=== Begin Enclosure ===

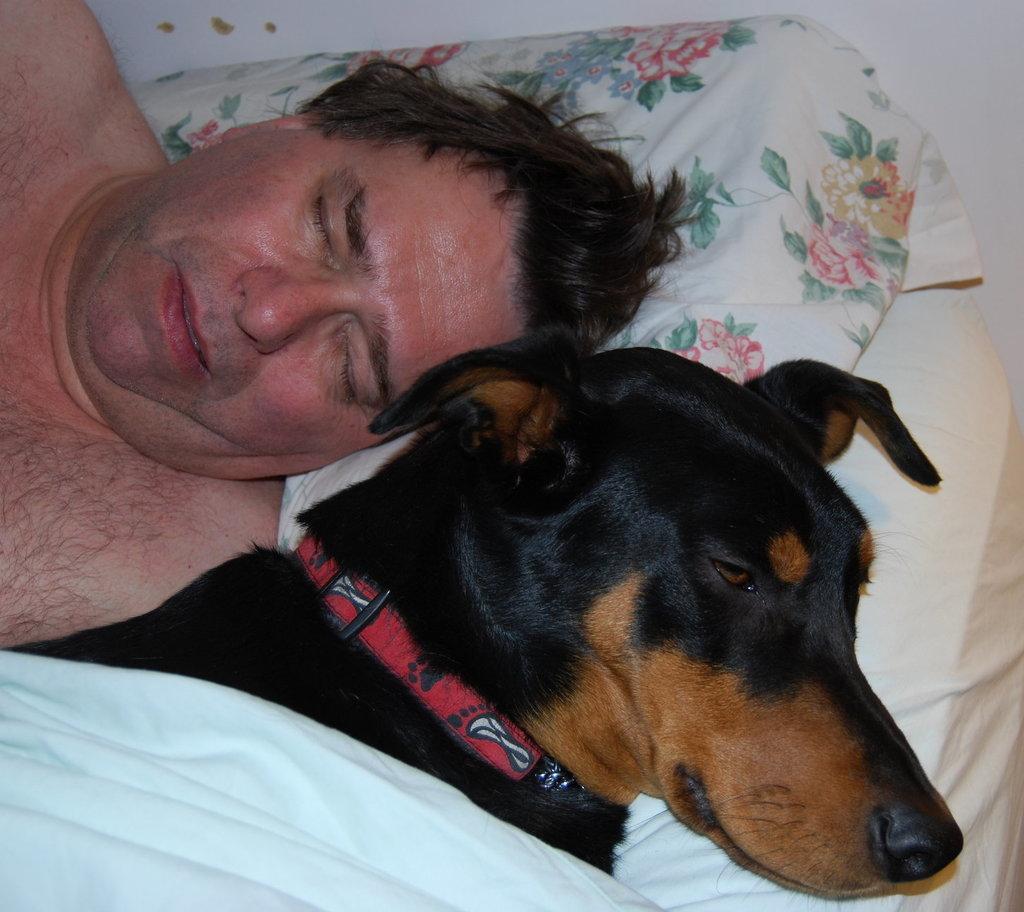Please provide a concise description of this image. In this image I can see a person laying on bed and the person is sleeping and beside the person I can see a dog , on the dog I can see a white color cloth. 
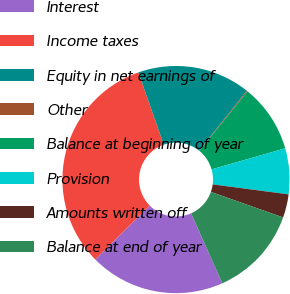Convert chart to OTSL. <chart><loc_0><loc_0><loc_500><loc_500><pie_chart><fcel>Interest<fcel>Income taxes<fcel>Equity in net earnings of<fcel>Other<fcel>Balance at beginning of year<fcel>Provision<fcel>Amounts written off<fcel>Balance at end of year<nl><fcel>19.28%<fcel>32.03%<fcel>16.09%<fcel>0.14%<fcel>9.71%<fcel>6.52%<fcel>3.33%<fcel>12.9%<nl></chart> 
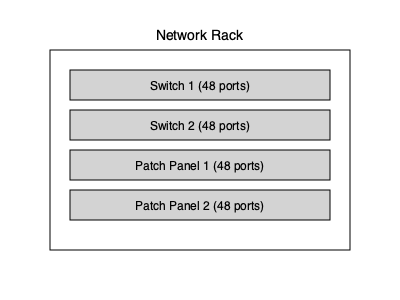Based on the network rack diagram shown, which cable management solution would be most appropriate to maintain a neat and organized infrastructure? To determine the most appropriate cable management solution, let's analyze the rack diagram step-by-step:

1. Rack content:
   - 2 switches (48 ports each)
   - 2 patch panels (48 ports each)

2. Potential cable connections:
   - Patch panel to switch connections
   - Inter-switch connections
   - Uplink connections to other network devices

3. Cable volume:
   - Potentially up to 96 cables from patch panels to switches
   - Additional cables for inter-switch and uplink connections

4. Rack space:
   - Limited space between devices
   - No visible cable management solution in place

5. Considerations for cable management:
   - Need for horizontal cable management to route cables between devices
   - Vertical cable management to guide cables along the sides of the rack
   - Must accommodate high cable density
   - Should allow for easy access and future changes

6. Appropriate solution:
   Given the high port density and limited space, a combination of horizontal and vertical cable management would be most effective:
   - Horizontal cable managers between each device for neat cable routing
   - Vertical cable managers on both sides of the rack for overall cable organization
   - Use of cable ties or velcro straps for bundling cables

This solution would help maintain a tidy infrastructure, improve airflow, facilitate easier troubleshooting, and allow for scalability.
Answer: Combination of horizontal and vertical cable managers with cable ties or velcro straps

=== End Enclosure ===

__ABOUT THIS EXERCISE__: Please set down the whole listing above exactly and skip every picture.

__ANSWER BOX__:
Please provide a concise description of this image. In this image I can see a person laying on bed and the person is sleeping and beside the person I can see a dog , on the dog I can see a white color cloth. 
Convert chart to OTSL. <chart><loc_0><loc_0><loc_500><loc_500><pie_chart><fcel>Interest<fcel>Income taxes<fcel>Equity in net earnings of<fcel>Other<fcel>Balance at beginning of year<fcel>Provision<fcel>Amounts written off<fcel>Balance at end of year<nl><fcel>19.28%<fcel>32.03%<fcel>16.09%<fcel>0.14%<fcel>9.71%<fcel>6.52%<fcel>3.33%<fcel>12.9%<nl></chart> 
Based on the network rack diagram shown, which cable management solution would be most appropriate to maintain a neat and organized infrastructure? To determine the most appropriate cable management solution, let's analyze the rack diagram step-by-step:

1. Rack content:
   - 2 switches (48 ports each)
   - 2 patch panels (48 ports each)

2. Potential cable connections:
   - Patch panel to switch connections
   - Inter-switch connections
   - Uplink connections to other network devices

3. Cable volume:
   - Potentially up to 96 cables from patch panels to switches
   - Additional cables for inter-switch and uplink connections

4. Rack space:
   - Limited space between devices
   - No visible cable management solution in place

5. Considerations for cable management:
   - Need for horizontal cable management to route cables between devices
   - Vertical cable management to guide cables along the sides of the rack
   - Must accommodate high cable density
   - Should allow for easy access and future changes

6. Appropriate solution:
   Given the high port density and limited space, a combination of horizontal and vertical cable management would be most effective:
   - Horizontal cable managers between each device for neat cable routing
   - Vertical cable managers on both sides of the rack for overall cable organization
   - Use of cable ties or velcro straps for bundling cables

This solution would help maintain a tidy infrastructure, improve airflow, facilitate easier troubleshooting, and allow for scalability.
Answer: Combination of horizontal and vertical cable managers with cable ties or velcro straps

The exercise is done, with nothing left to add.